Tests.py

"""
Original work by Ankit Choudhary
(https://www.analyticsvidhya.com/blog/2018/09/reinforcement-learning-model-based-planning-dynamic-programming/)
and by Genevieve Hayes (https://gist.github.com/gkhayes/3d154e0505e31d6367be22ed3da2e955#file-mountain_car-py)
Modified by Matthieu Divet (mdivet3@gatech.edu)
"""

import numpy as np
import gym
import matplotlib.pyplot as plt
import time

# Import and initialize Mountain Car Environment
environment = gym.make('MountainCar-v0')
environment.reset()
mountain_car_nA = 3
# discretization of the environment's state space into a 91 x 71 space = 6461 possible states
# (position in the range [-60, 30]/50 and velocity in the range [-35, 35]/500)
mountain_car_discretized_nS = np.prod(np.round((environment.observation_space.high - environment.observation_space.low)
                                               * np.array([50, 500]), 0).astype(int) + 1)
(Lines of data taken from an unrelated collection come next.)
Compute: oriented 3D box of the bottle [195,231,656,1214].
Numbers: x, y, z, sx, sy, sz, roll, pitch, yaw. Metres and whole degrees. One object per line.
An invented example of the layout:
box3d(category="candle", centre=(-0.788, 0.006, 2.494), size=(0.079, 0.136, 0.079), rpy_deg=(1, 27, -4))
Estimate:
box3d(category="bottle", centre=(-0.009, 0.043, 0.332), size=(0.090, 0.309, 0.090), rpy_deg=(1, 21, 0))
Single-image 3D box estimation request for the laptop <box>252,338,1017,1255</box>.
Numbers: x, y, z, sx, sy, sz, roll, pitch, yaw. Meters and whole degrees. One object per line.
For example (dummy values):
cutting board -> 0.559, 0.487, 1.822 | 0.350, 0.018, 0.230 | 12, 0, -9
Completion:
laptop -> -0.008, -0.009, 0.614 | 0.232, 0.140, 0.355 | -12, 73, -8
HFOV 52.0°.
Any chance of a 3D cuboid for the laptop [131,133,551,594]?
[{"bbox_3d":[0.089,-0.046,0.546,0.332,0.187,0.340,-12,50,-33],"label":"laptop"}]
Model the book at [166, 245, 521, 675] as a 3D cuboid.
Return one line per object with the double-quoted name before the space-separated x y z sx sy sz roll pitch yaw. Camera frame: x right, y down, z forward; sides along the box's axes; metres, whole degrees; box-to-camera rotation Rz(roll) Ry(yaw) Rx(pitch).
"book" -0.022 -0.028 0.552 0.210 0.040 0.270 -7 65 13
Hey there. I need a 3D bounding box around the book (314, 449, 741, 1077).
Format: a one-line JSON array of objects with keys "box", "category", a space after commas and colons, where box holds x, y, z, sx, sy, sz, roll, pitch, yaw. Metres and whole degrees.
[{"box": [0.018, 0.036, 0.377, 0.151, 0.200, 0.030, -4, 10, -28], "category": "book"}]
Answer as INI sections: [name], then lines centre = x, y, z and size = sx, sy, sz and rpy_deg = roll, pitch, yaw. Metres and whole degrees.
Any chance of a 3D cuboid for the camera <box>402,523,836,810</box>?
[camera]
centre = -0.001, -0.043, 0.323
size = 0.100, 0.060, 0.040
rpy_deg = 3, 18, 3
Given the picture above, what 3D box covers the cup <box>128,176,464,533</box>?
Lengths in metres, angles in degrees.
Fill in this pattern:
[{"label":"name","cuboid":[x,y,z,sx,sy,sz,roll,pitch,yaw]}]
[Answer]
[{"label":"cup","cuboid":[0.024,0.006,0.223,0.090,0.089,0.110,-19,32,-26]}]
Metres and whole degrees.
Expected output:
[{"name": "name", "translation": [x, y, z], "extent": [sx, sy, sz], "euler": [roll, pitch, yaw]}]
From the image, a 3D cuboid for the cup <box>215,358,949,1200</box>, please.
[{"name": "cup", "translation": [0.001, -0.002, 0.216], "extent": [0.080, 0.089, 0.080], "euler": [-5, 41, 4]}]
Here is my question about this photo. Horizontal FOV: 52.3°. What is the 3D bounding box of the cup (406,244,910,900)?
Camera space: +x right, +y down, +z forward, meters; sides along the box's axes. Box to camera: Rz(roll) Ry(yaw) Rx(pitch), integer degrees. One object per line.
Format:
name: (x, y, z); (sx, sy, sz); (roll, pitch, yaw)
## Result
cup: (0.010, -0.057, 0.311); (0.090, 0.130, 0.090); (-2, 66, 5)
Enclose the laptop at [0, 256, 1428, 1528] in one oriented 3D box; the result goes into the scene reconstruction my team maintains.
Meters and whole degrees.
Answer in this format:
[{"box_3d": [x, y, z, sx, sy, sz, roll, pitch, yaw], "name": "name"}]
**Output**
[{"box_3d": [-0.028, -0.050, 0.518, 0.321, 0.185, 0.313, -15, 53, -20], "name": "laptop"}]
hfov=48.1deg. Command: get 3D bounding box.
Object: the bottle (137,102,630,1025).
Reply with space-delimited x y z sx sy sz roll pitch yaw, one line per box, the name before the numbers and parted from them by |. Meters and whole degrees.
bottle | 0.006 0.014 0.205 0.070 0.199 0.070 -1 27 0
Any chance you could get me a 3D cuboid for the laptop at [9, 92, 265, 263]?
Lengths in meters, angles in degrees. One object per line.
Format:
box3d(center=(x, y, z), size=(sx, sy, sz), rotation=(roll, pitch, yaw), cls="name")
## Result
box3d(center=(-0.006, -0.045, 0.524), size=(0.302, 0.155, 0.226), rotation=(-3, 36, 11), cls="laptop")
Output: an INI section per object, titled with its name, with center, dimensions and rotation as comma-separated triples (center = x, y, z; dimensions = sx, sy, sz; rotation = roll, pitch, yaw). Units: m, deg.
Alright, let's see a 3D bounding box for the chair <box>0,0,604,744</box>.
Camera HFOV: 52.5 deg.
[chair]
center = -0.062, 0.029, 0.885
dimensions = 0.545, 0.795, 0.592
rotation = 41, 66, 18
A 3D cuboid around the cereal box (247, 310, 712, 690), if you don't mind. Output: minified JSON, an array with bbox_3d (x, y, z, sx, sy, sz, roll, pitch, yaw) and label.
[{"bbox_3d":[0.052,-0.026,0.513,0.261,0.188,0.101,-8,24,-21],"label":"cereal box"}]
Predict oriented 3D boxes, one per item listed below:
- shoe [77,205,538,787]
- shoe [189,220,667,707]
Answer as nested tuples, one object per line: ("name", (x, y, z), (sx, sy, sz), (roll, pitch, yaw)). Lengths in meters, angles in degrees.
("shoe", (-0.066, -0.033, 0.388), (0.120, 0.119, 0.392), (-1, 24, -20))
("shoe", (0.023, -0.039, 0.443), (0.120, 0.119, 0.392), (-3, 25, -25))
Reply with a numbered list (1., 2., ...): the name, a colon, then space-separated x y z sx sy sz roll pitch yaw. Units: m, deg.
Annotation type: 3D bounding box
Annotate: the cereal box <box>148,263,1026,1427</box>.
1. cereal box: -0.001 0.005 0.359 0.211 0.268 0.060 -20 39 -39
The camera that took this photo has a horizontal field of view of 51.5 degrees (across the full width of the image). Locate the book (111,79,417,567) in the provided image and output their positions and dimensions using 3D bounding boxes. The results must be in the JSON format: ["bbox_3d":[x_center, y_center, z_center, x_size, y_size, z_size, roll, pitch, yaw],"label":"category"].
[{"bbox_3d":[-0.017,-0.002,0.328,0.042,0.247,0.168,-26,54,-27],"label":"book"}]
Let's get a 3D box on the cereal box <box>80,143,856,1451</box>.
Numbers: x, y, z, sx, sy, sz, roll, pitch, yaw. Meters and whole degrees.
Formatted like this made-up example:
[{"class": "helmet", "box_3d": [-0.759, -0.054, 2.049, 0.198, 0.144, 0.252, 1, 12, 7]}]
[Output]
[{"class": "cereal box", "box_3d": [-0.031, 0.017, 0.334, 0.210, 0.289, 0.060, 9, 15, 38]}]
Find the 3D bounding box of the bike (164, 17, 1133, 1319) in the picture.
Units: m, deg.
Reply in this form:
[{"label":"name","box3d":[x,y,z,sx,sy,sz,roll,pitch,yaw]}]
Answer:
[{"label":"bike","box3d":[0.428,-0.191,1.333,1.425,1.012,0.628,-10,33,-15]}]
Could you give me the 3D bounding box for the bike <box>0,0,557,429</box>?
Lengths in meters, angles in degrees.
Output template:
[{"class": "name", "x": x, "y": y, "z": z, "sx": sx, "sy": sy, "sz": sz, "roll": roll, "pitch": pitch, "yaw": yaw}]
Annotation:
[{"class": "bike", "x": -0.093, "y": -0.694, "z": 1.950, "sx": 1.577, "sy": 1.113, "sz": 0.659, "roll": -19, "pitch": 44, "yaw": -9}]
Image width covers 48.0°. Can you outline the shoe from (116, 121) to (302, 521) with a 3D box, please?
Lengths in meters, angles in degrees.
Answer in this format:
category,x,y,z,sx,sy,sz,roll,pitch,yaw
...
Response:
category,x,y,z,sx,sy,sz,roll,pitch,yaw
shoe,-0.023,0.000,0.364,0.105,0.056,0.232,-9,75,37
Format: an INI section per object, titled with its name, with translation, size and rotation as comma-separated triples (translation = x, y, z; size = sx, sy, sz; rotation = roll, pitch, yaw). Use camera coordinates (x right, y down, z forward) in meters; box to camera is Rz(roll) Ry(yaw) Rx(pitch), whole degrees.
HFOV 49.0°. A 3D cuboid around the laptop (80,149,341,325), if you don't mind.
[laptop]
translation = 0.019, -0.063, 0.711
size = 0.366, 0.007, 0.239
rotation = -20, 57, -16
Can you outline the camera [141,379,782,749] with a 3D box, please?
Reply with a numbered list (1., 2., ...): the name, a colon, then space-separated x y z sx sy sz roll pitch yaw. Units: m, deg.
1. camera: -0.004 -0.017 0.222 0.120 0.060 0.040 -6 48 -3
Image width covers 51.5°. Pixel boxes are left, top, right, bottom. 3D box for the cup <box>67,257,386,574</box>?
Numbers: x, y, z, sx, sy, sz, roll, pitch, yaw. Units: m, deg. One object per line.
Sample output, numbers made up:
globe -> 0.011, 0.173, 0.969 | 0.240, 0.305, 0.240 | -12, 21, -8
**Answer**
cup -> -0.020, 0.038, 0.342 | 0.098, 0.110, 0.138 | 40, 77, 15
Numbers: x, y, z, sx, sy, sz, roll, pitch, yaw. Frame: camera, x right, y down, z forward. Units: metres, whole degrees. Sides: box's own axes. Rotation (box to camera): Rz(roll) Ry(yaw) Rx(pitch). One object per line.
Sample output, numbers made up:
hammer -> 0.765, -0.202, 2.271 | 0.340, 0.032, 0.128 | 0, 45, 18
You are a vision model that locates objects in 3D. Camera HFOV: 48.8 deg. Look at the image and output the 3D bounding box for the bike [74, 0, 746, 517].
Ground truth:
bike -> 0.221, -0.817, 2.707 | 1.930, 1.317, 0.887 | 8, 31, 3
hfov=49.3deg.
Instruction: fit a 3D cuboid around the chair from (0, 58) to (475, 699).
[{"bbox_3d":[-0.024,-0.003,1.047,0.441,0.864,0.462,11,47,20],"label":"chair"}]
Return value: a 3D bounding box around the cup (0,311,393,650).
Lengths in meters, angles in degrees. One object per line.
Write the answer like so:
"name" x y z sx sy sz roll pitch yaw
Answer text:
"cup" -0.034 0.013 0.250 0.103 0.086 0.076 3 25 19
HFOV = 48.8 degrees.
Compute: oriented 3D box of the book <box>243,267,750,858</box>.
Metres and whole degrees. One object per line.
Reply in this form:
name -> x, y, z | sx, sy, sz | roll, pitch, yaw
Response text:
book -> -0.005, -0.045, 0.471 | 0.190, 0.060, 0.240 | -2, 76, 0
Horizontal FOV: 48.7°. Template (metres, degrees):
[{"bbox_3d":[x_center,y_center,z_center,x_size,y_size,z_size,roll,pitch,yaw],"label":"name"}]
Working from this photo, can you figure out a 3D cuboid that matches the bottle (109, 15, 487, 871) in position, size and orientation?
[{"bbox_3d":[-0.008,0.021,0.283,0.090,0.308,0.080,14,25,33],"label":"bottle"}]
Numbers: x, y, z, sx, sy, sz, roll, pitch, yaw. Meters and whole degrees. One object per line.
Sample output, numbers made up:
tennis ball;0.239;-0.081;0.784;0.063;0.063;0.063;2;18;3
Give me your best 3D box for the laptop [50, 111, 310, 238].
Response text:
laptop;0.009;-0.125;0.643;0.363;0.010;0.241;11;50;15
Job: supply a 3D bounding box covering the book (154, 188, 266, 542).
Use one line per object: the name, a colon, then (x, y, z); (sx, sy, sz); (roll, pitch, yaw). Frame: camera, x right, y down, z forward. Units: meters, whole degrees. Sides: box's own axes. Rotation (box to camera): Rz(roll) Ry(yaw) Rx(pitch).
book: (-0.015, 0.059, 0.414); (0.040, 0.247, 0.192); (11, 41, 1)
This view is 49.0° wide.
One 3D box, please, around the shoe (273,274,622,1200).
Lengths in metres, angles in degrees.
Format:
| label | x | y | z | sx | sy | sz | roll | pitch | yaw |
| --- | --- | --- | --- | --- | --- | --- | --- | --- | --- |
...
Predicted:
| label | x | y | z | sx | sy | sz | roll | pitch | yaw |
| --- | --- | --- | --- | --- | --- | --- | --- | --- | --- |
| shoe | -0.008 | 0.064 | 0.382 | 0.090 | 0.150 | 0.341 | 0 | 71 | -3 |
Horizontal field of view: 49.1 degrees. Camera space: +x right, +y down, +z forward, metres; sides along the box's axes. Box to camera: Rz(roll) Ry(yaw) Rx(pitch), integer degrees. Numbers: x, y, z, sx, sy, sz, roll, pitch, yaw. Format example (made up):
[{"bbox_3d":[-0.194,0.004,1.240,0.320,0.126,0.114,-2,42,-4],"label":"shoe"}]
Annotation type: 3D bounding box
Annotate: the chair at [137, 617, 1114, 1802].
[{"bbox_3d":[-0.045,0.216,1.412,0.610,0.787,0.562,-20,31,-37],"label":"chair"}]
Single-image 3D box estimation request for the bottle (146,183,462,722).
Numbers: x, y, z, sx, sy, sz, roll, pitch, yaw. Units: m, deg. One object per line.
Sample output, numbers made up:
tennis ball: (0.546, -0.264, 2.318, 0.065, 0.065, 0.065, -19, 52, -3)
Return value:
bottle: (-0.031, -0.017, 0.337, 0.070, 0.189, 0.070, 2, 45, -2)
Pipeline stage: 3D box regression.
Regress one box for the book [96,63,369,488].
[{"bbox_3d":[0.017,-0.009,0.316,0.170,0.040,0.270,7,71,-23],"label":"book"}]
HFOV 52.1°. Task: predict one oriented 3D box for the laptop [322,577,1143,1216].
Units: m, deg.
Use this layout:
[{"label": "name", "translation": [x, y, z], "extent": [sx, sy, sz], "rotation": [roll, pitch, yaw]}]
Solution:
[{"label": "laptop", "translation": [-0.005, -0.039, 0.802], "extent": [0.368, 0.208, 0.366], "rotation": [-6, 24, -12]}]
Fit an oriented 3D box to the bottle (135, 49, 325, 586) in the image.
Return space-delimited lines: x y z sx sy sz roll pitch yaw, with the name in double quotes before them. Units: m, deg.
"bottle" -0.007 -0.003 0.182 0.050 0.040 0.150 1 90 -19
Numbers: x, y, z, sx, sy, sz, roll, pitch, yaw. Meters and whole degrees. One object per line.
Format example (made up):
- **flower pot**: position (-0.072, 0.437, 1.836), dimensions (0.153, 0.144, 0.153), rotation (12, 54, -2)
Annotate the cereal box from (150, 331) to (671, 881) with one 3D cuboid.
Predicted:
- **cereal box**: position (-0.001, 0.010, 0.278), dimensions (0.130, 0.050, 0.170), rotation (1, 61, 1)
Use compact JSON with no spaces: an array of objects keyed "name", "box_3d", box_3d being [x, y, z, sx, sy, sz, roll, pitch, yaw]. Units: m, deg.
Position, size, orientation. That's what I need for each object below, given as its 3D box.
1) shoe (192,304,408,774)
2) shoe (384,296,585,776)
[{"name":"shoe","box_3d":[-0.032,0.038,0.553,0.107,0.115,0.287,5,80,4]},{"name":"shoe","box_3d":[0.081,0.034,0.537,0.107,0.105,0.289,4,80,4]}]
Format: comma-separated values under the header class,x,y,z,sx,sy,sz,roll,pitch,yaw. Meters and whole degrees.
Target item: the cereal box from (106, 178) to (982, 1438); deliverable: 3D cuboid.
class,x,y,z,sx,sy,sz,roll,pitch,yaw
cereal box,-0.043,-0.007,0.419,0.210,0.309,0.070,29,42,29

def one_step_lookahead(env, state, utility, discount_factor):
    """
    max(action_values) = max(sum [(1/nb_of_possible_s') * r(s) + T(s, a, s') * gamma * U(s')])
                       = r(s) + gamma * max(sum [T(s, a, s') * U(s')])
    with max over the possible actions at state s and the sum over the possible s'
    and where T(s, a, s') = 1 because of the following piece of code from the definition of env.step(action):
            position, velocity = self.state
            velocity += (action-1)*self.force + math.cos(3*position)*(-self.gravity)
            velocity = np.clip(velocity, -self.max_speed, self.max_speed)
            position += velocity
            position = np.clip(position, self.min_position, self.max_position)
            if (position==self.min_position and velocity<0): velocity = 0
    which means that s' (given by [position, velocity]) is entirely defined by s and a.
    This is Bellman's equation, seen in class. Therefore we can use max(action_values) in value_iteration()
    and argmax(action_values) in policy_iteration().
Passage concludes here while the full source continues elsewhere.